At one level removed, a big part of the problem is that object construction and initialization are tied together. Imagine if you could construct an object with all of its fields set to null or zero, and then call as many initializer methods as you wanted:
  1. Client code could create the object and could override the initializer methods, thereby neatly avoiding the problem of not being able to override the initializer.

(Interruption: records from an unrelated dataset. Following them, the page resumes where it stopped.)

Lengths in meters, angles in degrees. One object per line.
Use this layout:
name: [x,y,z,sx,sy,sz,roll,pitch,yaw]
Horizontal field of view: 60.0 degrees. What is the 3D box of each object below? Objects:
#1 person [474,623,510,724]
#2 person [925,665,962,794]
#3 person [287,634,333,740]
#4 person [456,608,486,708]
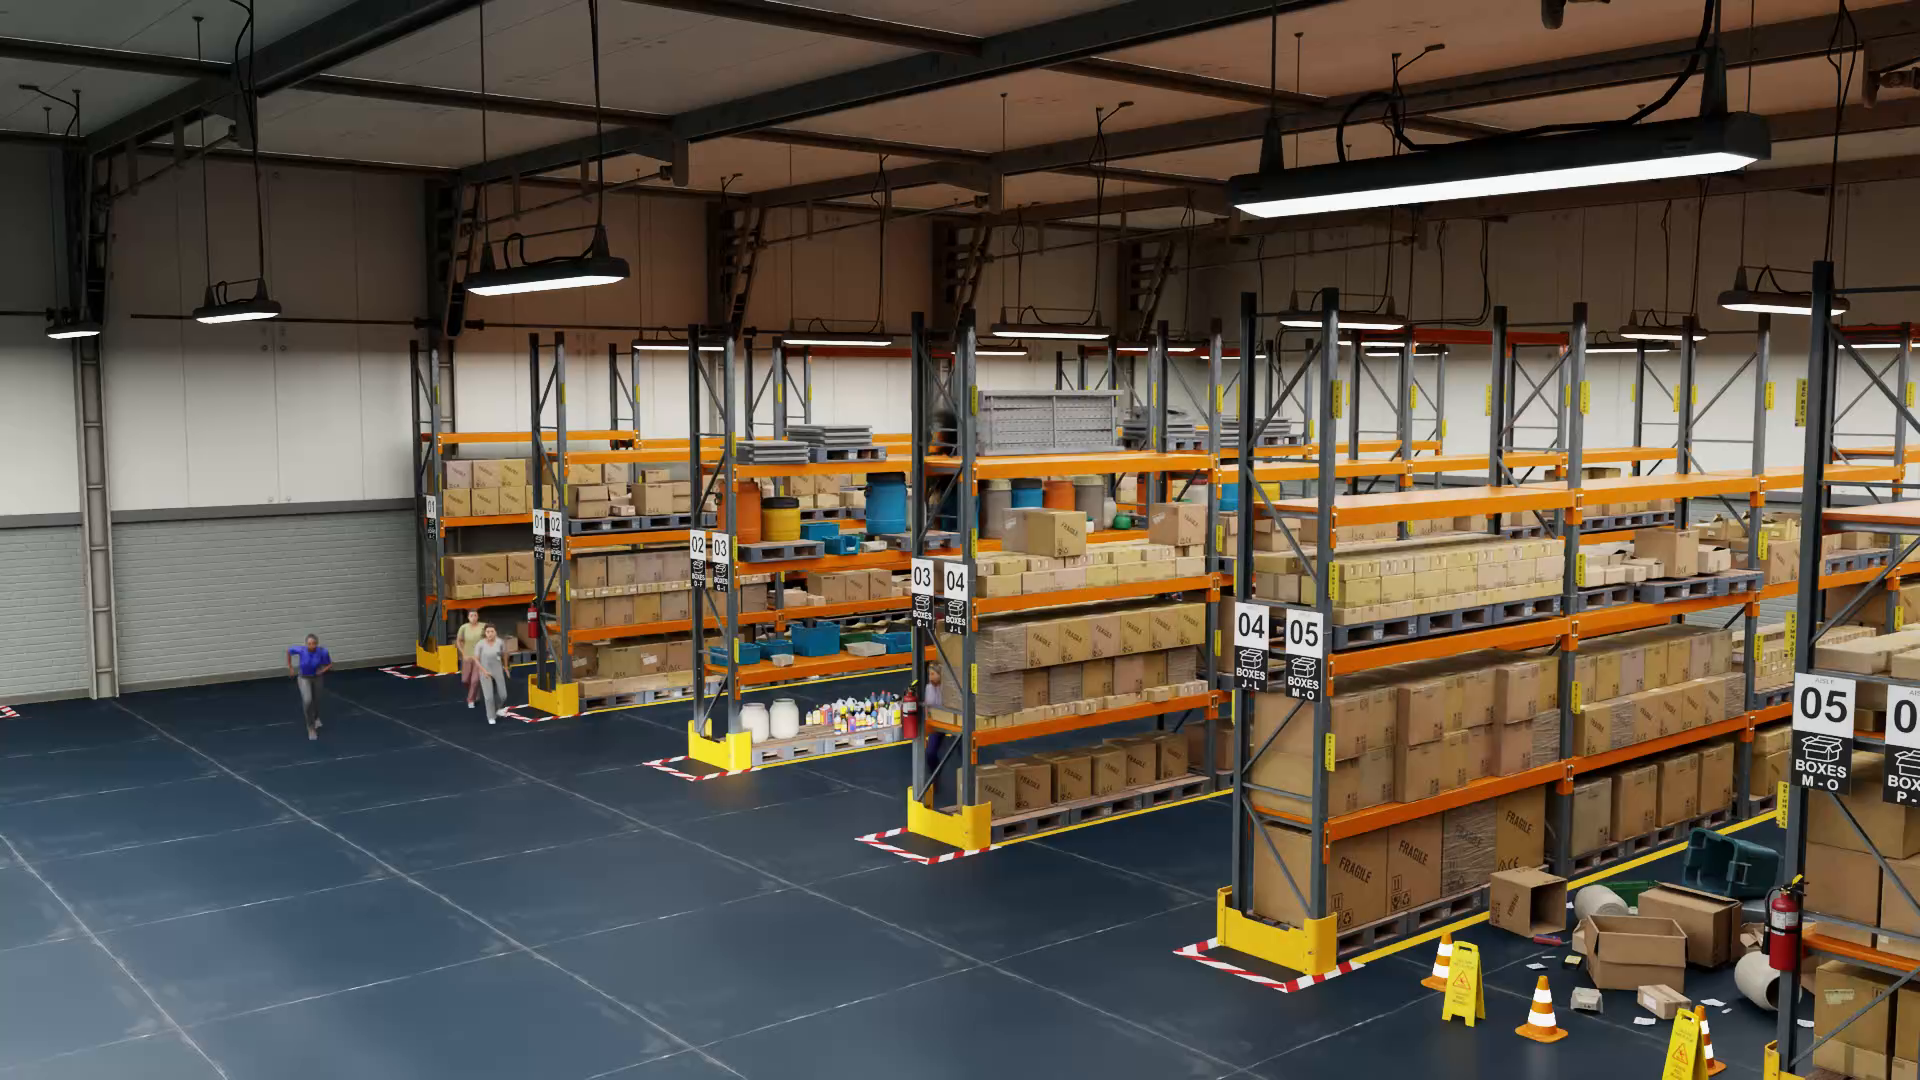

Even better, you could specify the type you wanted created at runtime:
    GiantNetworkedDatabaseConnector buildConnector(
    Class<? extends GiantNetworkedDatabaseConnector> c) {
    // This is impossible with standard Java bytecode.
    return new c.init();
    }

    // MockGiantNetworkedDatabaseConnector overrides the init() method
    GiantNetworkedDatabaseConnector c =
    buildConnector(MockGiantNetworkedDatabaseConnector.class);
  2. You could call initializer methods, and have them set immutable state (possibly using the notion of freeze to make an object immutable):
    String s = new String.append("foo").append("bar");
    assert s.equals("foobar");
    freeze s;

  3. You wouldn't have to worry about serialization calling the no-argument constructor, because the no-argument constructor wouldn't do anything. readObject could have initializer semantics, and be able to set final fields.
The point isn't really the solution: this solution is broken because the object doesn't always maintain its invariants (until the init() methods are done being called). You can continue to brainstorm to fix this, and come up with as many straw man approaches as you want, but the fact remains that Java programmers are still going to be stuck with constructors.

There isn't much of a moral to this story, other than that constructors bring pain.